2. Under the Tort Claims Act negligence, contributory negligence and proximate cause are determined under the same rules as those applicable to private individuals. Barney v. North Carolina State Highway Commission,282 N.C. 278, 284, 192 S.E.2d 273, 277 (1972).
3. To establish a claim for negligence, plaintiff must show that: (a) Battiste failed to exercise due care in the performance of some legal duty owed to plaintiff; and (b) the breach of that duty was the proximate cause of plaintiff's injury. Bolkhir v. N.C. State University,321 N.C. 706, 709, 365 S.E.2d 898, 900 (1988).

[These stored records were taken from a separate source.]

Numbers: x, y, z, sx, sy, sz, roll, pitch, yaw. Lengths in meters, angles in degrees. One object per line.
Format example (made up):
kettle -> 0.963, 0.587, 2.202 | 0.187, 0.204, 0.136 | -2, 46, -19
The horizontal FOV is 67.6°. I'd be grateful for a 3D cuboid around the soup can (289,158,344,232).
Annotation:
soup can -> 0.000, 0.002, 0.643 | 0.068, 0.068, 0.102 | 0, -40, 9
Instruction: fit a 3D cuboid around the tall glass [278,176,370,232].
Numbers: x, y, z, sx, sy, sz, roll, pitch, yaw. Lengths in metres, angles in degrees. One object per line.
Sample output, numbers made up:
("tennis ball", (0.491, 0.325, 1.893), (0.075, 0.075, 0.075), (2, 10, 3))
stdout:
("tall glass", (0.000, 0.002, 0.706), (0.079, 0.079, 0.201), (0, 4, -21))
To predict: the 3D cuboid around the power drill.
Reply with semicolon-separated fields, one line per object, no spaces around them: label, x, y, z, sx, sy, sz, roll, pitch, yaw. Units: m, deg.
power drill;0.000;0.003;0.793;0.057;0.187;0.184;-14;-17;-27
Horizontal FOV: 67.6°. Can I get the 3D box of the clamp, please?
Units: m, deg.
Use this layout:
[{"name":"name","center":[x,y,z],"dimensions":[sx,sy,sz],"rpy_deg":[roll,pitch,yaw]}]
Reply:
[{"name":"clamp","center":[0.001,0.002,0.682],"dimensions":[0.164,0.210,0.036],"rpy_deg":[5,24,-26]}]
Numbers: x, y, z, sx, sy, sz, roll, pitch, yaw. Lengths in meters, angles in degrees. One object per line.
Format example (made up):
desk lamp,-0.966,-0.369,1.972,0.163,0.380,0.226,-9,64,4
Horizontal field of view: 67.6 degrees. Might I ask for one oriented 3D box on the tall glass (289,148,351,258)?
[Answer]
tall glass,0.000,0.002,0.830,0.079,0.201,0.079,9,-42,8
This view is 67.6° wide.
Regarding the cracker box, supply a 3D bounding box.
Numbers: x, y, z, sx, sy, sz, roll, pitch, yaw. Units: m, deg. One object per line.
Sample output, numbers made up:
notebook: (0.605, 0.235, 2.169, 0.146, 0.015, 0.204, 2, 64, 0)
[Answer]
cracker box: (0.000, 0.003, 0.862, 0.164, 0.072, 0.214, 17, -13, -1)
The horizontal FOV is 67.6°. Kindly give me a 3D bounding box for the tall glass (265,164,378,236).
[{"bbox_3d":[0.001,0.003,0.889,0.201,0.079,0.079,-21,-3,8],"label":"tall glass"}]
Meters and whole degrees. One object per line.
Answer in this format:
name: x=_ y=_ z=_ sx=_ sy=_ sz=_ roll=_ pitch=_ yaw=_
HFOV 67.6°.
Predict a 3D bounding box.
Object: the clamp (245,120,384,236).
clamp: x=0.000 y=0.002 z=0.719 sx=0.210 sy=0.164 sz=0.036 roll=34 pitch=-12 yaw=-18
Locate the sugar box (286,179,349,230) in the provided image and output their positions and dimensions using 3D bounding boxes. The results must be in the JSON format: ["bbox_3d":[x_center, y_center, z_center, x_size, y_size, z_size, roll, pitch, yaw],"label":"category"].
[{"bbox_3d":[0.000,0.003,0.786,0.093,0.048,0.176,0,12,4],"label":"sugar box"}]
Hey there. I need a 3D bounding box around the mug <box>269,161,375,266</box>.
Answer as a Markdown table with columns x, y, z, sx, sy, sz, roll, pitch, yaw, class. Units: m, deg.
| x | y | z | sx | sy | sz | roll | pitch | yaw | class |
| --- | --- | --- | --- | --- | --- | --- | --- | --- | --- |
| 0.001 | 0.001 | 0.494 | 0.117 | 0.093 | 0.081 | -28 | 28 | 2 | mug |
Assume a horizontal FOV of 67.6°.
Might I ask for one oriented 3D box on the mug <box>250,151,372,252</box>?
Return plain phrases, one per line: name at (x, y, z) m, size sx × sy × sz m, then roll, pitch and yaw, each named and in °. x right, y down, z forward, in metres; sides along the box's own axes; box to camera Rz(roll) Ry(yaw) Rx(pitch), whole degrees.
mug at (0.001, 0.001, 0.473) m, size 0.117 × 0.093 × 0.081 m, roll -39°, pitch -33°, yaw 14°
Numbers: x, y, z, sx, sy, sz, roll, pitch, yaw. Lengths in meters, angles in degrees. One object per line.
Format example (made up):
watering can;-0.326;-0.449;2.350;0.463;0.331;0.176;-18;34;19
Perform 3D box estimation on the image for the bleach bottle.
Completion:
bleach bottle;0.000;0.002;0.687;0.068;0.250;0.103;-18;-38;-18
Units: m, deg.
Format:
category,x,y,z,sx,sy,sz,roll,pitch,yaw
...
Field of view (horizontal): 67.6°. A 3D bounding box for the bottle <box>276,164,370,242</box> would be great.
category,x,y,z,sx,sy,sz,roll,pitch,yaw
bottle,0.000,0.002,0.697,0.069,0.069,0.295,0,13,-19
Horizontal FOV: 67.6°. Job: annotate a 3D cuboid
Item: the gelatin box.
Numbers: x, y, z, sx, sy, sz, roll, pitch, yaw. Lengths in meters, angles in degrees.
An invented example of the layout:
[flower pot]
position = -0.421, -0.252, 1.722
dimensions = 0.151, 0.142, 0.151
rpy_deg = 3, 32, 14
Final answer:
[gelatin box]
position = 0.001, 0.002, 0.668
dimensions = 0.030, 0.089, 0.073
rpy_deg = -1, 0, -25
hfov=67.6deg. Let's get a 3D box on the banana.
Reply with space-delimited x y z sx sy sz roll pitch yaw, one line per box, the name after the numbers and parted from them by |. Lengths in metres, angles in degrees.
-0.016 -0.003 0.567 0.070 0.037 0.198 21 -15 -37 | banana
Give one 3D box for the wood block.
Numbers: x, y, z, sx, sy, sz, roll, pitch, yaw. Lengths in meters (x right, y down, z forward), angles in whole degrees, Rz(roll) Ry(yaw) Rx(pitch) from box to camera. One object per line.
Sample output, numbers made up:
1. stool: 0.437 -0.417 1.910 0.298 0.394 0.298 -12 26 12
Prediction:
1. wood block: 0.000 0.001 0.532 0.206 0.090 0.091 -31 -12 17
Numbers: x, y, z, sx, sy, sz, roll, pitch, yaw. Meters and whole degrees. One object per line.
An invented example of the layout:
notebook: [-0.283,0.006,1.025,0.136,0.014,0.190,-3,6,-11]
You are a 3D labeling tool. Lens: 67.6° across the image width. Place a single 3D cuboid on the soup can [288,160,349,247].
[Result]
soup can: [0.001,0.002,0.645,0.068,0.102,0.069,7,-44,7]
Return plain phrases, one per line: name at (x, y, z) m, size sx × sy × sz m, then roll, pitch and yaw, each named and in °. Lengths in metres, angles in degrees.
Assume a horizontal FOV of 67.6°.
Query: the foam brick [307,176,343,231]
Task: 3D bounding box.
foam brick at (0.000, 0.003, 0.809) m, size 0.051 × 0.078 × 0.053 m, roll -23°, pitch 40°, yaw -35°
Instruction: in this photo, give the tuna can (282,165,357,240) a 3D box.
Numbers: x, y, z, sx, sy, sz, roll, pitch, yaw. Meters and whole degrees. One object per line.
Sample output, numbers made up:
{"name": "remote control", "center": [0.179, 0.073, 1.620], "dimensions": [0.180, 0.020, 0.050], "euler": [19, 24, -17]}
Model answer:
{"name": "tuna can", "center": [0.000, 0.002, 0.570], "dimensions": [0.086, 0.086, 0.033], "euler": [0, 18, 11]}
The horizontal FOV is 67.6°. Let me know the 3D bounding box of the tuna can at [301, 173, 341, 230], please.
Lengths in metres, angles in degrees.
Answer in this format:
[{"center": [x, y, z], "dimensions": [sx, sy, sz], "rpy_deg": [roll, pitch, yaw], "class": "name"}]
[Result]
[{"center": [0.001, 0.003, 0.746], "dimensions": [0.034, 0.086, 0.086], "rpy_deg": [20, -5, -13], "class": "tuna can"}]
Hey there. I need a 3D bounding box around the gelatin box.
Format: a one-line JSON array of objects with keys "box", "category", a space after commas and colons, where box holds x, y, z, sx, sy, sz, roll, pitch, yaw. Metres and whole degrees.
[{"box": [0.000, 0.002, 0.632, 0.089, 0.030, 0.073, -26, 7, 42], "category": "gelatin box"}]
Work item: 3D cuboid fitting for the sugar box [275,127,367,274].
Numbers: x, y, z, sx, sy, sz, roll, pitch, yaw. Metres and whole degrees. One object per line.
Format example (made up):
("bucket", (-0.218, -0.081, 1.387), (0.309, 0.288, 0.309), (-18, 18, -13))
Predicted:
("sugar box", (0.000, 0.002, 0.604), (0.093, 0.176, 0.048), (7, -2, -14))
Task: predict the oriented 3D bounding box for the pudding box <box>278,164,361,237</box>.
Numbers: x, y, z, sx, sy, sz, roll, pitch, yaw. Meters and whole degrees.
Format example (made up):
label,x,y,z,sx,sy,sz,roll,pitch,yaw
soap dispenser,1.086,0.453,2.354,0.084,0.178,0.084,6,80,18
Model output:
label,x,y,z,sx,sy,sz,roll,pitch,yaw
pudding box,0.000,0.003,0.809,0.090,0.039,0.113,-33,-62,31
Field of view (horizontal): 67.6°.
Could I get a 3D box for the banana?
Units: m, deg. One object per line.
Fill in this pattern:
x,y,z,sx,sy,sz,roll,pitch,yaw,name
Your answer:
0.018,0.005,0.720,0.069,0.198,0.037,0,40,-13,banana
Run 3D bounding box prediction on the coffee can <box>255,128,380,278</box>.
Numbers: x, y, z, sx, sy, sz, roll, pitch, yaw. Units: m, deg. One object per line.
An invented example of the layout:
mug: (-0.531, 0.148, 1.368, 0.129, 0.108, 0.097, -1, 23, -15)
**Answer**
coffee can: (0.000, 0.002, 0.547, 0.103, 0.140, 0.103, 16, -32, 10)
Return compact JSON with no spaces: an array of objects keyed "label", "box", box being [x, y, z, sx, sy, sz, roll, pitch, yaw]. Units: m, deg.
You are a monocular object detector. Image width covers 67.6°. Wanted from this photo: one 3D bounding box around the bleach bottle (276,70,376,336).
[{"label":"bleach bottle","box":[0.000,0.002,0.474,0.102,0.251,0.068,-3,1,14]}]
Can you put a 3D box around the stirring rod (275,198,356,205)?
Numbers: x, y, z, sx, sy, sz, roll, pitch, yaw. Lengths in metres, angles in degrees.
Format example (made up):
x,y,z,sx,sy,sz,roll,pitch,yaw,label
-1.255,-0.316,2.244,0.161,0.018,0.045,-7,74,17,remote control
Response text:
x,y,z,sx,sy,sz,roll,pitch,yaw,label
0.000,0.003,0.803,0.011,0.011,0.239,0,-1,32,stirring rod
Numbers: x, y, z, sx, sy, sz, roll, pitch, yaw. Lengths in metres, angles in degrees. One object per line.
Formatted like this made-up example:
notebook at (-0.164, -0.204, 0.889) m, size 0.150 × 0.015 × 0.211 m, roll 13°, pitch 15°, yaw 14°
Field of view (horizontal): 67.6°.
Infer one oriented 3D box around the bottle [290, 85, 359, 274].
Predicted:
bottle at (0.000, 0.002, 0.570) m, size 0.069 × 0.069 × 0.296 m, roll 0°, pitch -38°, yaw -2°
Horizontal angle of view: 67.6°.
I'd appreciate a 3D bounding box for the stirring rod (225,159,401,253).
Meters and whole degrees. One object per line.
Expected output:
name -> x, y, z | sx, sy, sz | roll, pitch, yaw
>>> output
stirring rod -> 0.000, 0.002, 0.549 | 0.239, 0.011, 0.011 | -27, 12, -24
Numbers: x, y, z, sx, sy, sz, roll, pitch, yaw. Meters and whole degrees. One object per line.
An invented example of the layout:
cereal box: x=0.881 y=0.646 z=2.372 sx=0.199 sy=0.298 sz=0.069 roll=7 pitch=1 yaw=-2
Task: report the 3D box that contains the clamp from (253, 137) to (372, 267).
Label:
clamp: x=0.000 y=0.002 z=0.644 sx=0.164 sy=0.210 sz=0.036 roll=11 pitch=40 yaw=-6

4. Under the facts of this case, Battiste had a general duty to exercise care and determine that she could enter the intersection with reasonable assurance of safety to herself and others. Primm v. King,249 N.C. 228, 235, 106 S.E.2d 223, 229 (1958). On January 28, 2003, Battiste exercised due care in keeping a proper lookout by coming to a complete stop at the intersection and looking to the left, to the right, and back to the left before entering the intersection. Therefore, Battiste did not breach her duty of care to plaintiff.
*********** Based upon the foregoing findings of fact and conclusions of law, the Full Commission enters the following:
ORDER 1. Plaintiff's claim is hereby, DENIED.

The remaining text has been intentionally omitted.